OK, so it is no secret that Zynga, Inc. (NASDAQ: ZNGA) screwed its shareholders. You should not be surprised because Zynga is one of these new-age Web 2.0 (or Web 3.0) companies with a split share class that gives the common shareholders no power whatsoever. We warned that shareholders had no say here in our review of a dozen or so companies where shareholders have no power at all.
The company conducted a secondary offering when it was still arguable that the company would have known that its earnings were going to be so weak. Whether or not that is entirely true is up for debate, but what is not at all questionable is that Zynga’s management team has known for weeks and weeks that it was going to suffer a shortfall. The numbers were so bad that the company cannot claim that things came apart just in the last hours of the quarter. Its earnings expectations are now cut in half for 2012 and the analysts ran for the hills this morning with multiple downgrades.

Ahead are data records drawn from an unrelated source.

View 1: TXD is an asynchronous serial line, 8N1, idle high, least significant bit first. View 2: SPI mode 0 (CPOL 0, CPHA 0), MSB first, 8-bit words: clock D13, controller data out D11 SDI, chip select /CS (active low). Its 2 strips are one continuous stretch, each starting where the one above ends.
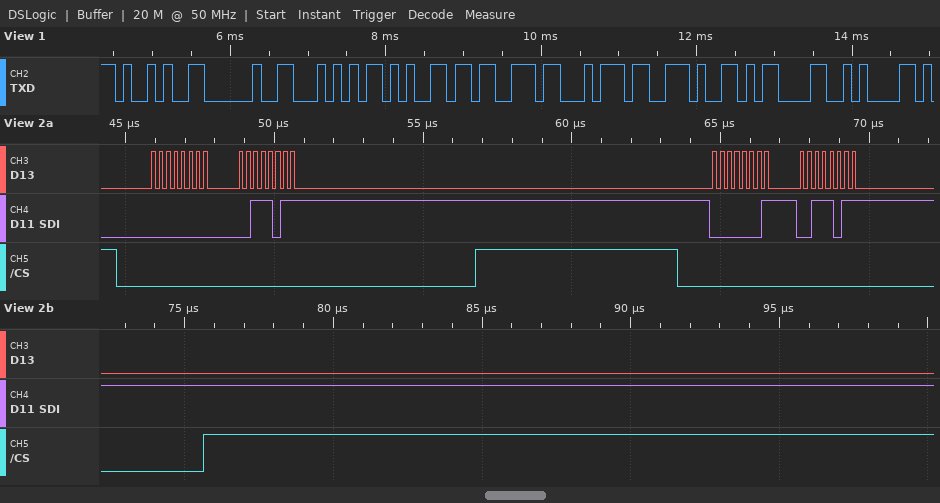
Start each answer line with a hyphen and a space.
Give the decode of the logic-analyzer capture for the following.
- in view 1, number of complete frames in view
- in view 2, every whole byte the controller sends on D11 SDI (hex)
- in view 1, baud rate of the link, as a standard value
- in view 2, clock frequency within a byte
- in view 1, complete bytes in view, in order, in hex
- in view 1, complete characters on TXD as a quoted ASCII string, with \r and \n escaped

- 9
- 0x00 0x3B 0x01 0x3B
- 9600 baud
- 4 MHz
- 29 20 54 65 73 74 2E 0D 0A
- ") Test.\r\n"
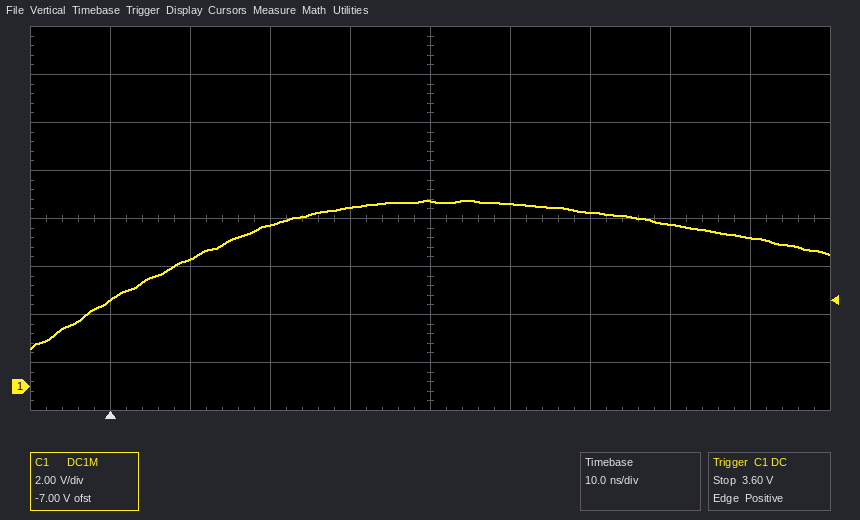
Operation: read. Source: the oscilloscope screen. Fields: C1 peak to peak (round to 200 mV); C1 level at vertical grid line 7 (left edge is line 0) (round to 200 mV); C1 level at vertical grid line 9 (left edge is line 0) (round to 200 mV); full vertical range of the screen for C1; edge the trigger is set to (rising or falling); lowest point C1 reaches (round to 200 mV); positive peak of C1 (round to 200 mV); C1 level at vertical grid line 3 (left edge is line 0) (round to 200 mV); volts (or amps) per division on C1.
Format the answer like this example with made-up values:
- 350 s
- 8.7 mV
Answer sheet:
- 6.2 V
- 7.2 V
- 6.2 V
- 16 V
- rising
- 1.6 V
- 7.8 V
- 6.8 V
- 2 V
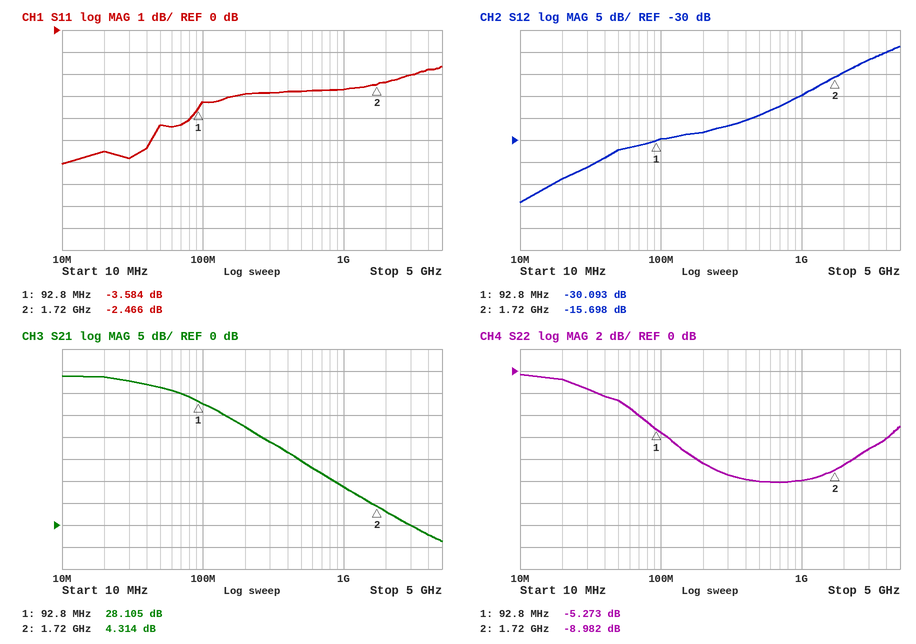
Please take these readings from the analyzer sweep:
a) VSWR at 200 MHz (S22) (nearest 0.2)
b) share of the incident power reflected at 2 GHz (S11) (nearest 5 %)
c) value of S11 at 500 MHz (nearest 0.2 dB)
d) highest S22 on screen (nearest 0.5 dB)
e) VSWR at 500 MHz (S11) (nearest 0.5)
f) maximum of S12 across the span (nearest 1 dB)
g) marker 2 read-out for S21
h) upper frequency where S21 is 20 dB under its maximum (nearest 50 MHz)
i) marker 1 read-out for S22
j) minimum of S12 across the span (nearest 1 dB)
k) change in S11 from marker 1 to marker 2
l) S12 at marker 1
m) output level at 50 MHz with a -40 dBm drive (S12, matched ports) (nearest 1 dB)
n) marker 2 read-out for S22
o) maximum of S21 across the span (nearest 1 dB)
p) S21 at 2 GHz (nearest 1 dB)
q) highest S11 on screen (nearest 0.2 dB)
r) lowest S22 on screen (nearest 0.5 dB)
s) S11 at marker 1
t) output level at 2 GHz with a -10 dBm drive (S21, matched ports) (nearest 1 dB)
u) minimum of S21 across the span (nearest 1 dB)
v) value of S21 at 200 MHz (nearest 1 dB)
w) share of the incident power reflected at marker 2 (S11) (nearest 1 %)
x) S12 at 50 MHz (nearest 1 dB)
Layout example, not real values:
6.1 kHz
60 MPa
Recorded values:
2.2
60 %
-2.8 dB
-0.5 dB
6.5
-9 dB
4.314 dB
550 MHz
-5.273 dB
-44 dB
1.118 dB
-30.093 dB
-72 dBm
-8.982 dB
34 dB
3 dB
-1.6 dB
-10.0 dB
-3.584 dB
-7 dBm
-4 dB
22 dB
57 %
-32 dB

Now Zynga will get to face something new, even if shareholders have no voting power. The lawyers are coming. You can expect that the class action suits will start to pile up. We have already seen three such “pre-class” announcements today on the newswires:
- Bronstein, Gewirtz & Grossman, LLC Announces Investigation of Zynga, Inc.

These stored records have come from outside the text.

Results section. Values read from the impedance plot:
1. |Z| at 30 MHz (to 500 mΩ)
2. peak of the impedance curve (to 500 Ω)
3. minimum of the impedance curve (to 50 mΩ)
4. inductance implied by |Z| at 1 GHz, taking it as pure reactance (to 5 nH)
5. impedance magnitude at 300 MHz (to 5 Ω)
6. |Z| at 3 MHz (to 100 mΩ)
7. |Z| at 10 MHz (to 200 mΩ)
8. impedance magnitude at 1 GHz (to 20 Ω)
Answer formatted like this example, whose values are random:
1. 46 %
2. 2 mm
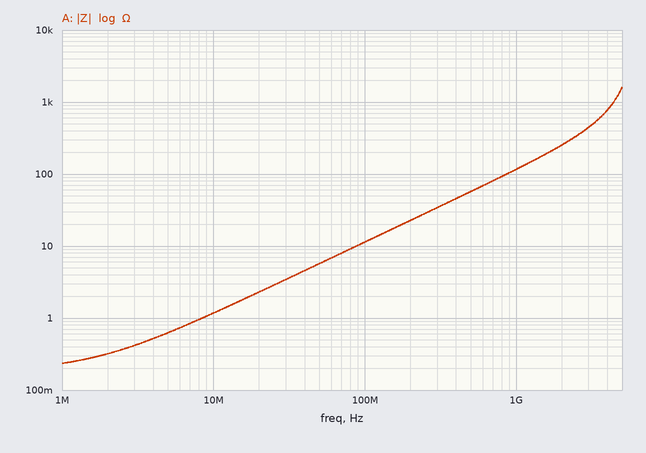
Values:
1. 3.5 Ω
2. 1.5 kΩ
3. 250 mΩ
4. 20 nH
5. 35 Ω
6. 400 mΩ
7. 1.2 Ω
8. 120 Ω
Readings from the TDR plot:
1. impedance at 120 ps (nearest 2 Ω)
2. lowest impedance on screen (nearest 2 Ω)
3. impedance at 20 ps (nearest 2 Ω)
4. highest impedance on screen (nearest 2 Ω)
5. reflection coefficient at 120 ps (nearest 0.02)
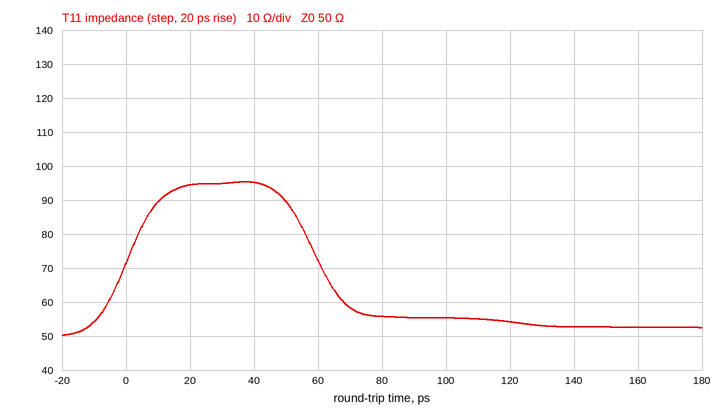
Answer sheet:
54 Ω
50 Ω
94 Ω
96 Ω
+0.04
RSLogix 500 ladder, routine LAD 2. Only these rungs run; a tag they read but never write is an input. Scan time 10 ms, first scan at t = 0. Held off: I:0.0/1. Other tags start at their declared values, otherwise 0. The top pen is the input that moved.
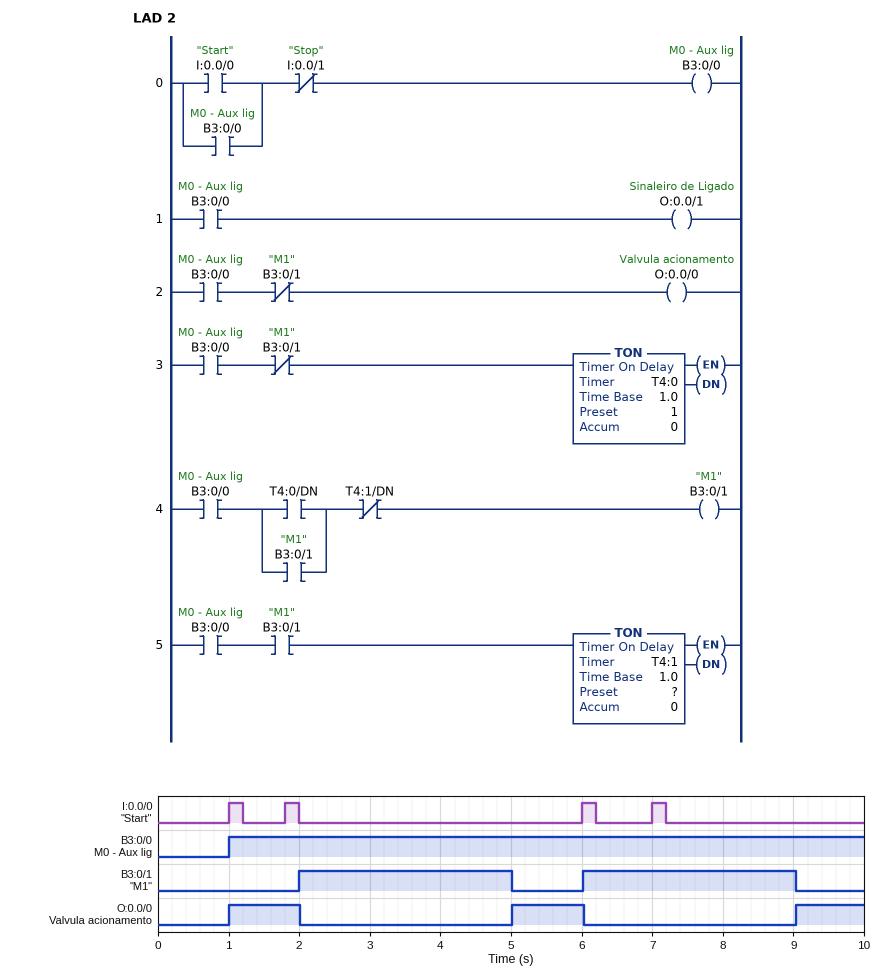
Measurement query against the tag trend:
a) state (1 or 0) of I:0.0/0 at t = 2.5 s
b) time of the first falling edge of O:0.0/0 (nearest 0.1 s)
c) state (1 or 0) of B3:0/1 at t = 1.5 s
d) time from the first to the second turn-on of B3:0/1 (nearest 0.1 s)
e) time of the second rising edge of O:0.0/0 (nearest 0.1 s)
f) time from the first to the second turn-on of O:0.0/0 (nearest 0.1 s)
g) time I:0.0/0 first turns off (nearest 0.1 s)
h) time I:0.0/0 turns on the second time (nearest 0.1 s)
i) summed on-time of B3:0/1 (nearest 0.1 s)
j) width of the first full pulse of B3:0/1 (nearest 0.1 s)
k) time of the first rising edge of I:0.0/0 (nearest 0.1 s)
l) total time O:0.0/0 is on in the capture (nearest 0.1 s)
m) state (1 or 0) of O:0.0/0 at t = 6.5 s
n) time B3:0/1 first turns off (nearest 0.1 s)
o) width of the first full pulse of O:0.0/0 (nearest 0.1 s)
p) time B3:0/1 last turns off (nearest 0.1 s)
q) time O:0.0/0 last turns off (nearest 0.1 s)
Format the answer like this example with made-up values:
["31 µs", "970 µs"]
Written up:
["0", "2.0 s", "0", "4.0 s", "5.0 s", "4.0 s", "1.2 s", "1.8 s", "6.0 s", "3.0 s", "1.0 s", "3.0 s", "0", "5.0 s", "1.0 s", "9.0 s", "6.0 s"]
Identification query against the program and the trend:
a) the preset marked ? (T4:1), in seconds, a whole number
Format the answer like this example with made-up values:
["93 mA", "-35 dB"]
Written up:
["3 s"]
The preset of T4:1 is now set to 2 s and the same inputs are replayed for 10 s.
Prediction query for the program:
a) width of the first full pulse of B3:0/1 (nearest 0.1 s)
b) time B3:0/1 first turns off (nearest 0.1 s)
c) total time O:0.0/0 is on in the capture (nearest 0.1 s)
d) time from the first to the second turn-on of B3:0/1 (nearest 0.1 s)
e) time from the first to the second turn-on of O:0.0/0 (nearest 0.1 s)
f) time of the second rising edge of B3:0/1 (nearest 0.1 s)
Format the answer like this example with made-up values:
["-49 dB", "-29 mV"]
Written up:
["2.0 s", "4.0 s", "3.0 s", "3.0 s", "3.0 s", "5.0 s"]
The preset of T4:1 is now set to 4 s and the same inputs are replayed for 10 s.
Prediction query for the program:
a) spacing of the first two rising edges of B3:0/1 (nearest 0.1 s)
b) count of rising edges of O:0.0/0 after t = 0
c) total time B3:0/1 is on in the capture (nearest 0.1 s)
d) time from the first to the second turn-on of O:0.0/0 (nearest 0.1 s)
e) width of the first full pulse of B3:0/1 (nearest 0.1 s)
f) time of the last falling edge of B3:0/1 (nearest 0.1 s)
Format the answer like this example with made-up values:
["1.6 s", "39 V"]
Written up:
["5.0 s", "2", "7.0 s", "5.0 s", "4.0 s", "6.0 s"]
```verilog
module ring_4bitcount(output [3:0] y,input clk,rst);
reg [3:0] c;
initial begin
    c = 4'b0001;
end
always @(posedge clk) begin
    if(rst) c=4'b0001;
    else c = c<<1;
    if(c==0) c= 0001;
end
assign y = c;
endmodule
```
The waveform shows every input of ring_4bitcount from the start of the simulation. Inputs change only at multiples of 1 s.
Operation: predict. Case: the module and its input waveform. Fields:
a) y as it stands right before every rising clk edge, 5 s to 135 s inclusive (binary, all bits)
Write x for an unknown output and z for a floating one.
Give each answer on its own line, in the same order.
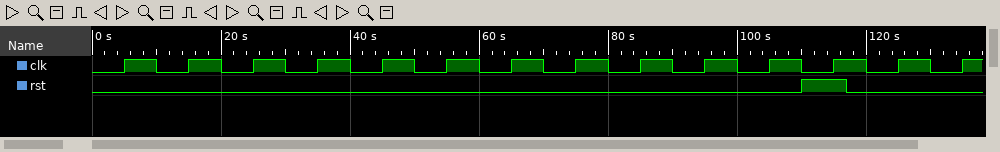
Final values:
0001, 0010, 0100, 1000, 0001, 0010, 0100, 1000, 0001, 0010, 0100, 1000, 0001, 0010

- The Law Firm of Levi & Korsinsky, LLP Launches an Investigation into Possible Breaches of Fiduciary Duty by Zynga, Inc.
- The Law Firm of Levi & Korsinsky, LLP Launches an Investigation into Possible Breaches of Fiduciary Duty by Zynga, Inc.

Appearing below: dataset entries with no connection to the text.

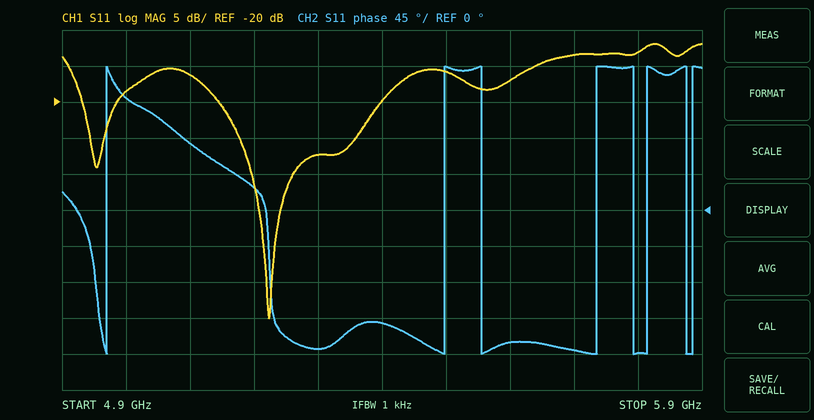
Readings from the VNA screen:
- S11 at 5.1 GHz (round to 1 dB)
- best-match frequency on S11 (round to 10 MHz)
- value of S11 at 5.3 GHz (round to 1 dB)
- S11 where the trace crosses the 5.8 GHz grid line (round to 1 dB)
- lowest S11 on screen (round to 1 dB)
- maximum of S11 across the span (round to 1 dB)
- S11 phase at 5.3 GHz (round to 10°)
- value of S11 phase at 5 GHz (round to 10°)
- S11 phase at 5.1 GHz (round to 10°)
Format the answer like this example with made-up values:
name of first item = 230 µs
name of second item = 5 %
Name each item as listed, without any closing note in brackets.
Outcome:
S11 at 5.1 GHz = -16 dB
best-match frequency on S11 = 5.22 GHz
value of S11 at 5.3 GHz = -27 dB
S11 where the trace crosses the 5.8 GHz grid line = -13 dB
lowest S11 on screen = -50 dB
maximum of S11 across the span = -12 dB
S11 phase at 5.3 GHz = -170°
value of S11 phase at 5 GHz = 140°
S11 phase at 5.1 GHz = 80°
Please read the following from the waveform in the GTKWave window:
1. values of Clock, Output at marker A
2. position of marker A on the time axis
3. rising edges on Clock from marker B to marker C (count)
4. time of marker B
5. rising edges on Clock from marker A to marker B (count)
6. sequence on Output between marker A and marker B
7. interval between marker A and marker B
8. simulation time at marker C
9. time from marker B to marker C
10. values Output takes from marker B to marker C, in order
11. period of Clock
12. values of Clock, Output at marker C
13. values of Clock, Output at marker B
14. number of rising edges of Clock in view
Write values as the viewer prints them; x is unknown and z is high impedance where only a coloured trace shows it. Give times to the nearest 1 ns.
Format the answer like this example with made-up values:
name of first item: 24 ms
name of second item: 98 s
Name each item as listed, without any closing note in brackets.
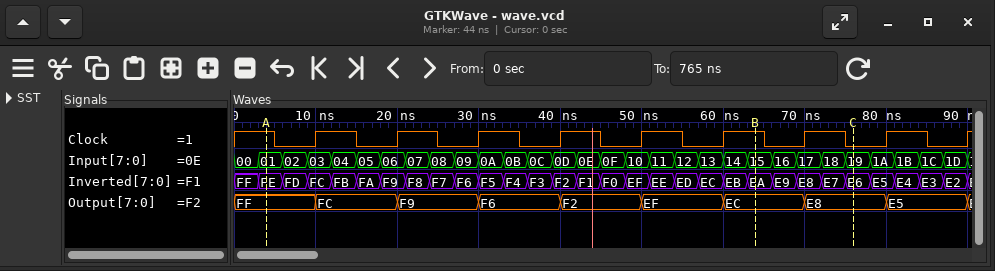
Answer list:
values of Clock, Output at marker A: Clock=1, Output=FF
position of marker A on the time axis: 4 ns
rising edges on Clock from marker B to marker C: 1
time of marker B: 64 ns
rising edges on Clock from marker A to marker B: 6
sequence on Output between marker A and marker B: FF, FC, F9, F6, F2, EF, EC
interval between marker A and marker B: 60 ns
simulation time at marker C: 76 ns
time from marker B to marker C: 12 ns
values Output takes from marker B to marker C, in order: EC, E8
period of Clock: 10 ns
values of Clock, Output at marker C: Clock=0, Output=E8
values of Clock, Output at marker B: Clock=1, Output=EC
number of rising edges of Clock in view: 9

Zynga shares are down 39.3% at $3.08 and we have seen more than 82 million shares traded with an hour still left in the trading day. The prior post-IPO range was $4.45 to $15.91. Facebook, Inc. (NASDAQ: FB) is down 6.6% at $27.40 ahead of its earnings and the Global X Social Media Index ETF (NASDAQ: SOCL) is down 1.7% at $12.45 in sympathy.
Don’t be shocked that Zynga is going to be sued. These “investigation” announcements will definitely become shareholder class action suits. We have seen this movie before. Our only question is whether or not the brokerage firms behind the secondary offering are liable too.